Wal-Mart appeals to its workers' loyalties with policies seemingly unrelated to wages and benefits. First among them is a commitment to live on as tight a budget as any of the company's store employees. The top offices of the world's largest corporation are situated not in a New York City office tower but in a cheaply remodeled warehouse on Ben-tonville's Walton Boulevard. The main lobby is as dreary as an unemployment office: rows of plastic chairs, a Formica reception counter, gray linoleum floors, a Pepsi machine and a box where employees can rest worn-out American flags from their homes and car aerials "to be respectfully retired." Posters of a glowering eagle representing freedom are taped to the walls, and fliers invite all comers to a Wal-Mart-sponsored "patriotic music festival" with "over 1,000 flags and balloons, a special salute to all our veterans and those currently serving in the armed forces."
Wal-Mart doesn't care if you're the top sales executive of Procter & Gamble: This cavern is where you wait until the executive you're meeting—who is invariably dressed in the chinos and sport shirts sold off Wal-Mart racks—shuffles down the corridor to get you.
Beyond the lobby is a long hallway of supplier rooms, where some of the biggest and most important deals in modern retailing are struck. If you were to fire a revolver at a police officer, you'd be interrogated in a nicer setting. Each room is a booth just big enough for a Formica counter and four vinyl chairs, open to plain view through a glass wall. In each, under a frowning photo of Mr. Sam and his stern warning against offering gifts to buyers, people huddle over paperwork, examining lineups of fuzzy slippers, a stack of bar soap or a pile of brassieres on the counter between them.
Wal-Mart's headquarters are so breath-takingly ugly, so studiously low-rent, that saving money can't be the entire motive for it. The message to employees is: You live on a budget, and so do we. Talk to any Wal-Mart employee long enough and you'll hear about the old dog-scented pickup truck Sam Walton drove to the end, even when he was one of the world's richest men. The truck is the centerpiece of the Wal-Mart museum, and for good reason: It establishes Mr.
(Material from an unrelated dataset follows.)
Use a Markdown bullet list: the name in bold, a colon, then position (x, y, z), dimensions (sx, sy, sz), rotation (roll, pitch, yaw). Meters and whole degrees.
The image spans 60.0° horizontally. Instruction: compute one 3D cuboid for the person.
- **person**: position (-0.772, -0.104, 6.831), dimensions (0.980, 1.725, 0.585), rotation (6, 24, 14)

Sam, and by extension his company, as having no personal interest in finery or anything besides his mission of delivering goods to working people at the lowest possible price.
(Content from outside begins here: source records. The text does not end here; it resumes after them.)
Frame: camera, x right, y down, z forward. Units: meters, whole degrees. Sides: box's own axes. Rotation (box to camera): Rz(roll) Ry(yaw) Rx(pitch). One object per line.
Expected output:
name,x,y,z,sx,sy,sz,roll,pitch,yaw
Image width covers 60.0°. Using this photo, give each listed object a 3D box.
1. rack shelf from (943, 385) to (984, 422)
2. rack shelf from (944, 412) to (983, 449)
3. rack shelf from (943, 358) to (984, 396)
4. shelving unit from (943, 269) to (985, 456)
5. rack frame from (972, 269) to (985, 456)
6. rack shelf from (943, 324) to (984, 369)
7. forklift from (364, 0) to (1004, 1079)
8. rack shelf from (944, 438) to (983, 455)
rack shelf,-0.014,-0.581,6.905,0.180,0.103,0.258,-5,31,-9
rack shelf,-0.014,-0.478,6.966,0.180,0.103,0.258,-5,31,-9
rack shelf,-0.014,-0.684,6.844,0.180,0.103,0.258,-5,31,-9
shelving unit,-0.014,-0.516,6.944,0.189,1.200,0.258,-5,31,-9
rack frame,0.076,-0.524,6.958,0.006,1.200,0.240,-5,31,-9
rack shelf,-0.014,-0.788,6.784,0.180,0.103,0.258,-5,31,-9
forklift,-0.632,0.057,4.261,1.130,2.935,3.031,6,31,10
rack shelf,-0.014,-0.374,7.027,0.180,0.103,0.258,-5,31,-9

Chief executive officer Lee Scott earned $ 18 million last year (twice what he earned the year before), but employees won't see his home in Architectural Digest. What they see is boxes of goods from the warehouse all emblazoned Return For Credit. Each Box Costs The Company An Average 75 Cents. How can you ask for a raise from a company that thrifty? When employees do see Scott, he's usually in the stores, where, like the lowest grunt, he rolls up his sleeves to stock shelves or guide customers. Wal-Mart's top managers don't constantly roam, as the regional vice presidents do, but they periodically show up unannounced in stores to ask questions and help out, just as Walton did. Wal-Mart buyers, with the power to make or break a brand, are royalty to consumer-products companies, but most qualify for the job only after serving six months on the floor of a store. Every few months they go back for a three-day refresher, stocking shelves and running registers.
Again and again the company goes out of its way to declare itself on the side of decent, ordinary, unsophisticated Americans who city folk just don't get. It has a policy of allowing people who roam the country in recreational vehicles to camp overnight, free, in any store parking lot, and it sometimes sends employees out with coffee in the morning. It lets retirees who like to hang out in the store run no-stakes bingo games in the aisles at night, and it sometimes donates inexpensive items such as paper towels as prizes.
"Wal-Mart is a cultural thing," says Richard Kochersperger, who teaches marketing at Saint Joseph's University in Philadelphia. "Lee Scott was tutored and mentored by former chief executive officer David Glass, who was tutored and mentored by Mr. Sam himself. What's amazing is that so far they've been able to replicate that culture in 3,000 stores and among 1.4 million employees. That's the whole game."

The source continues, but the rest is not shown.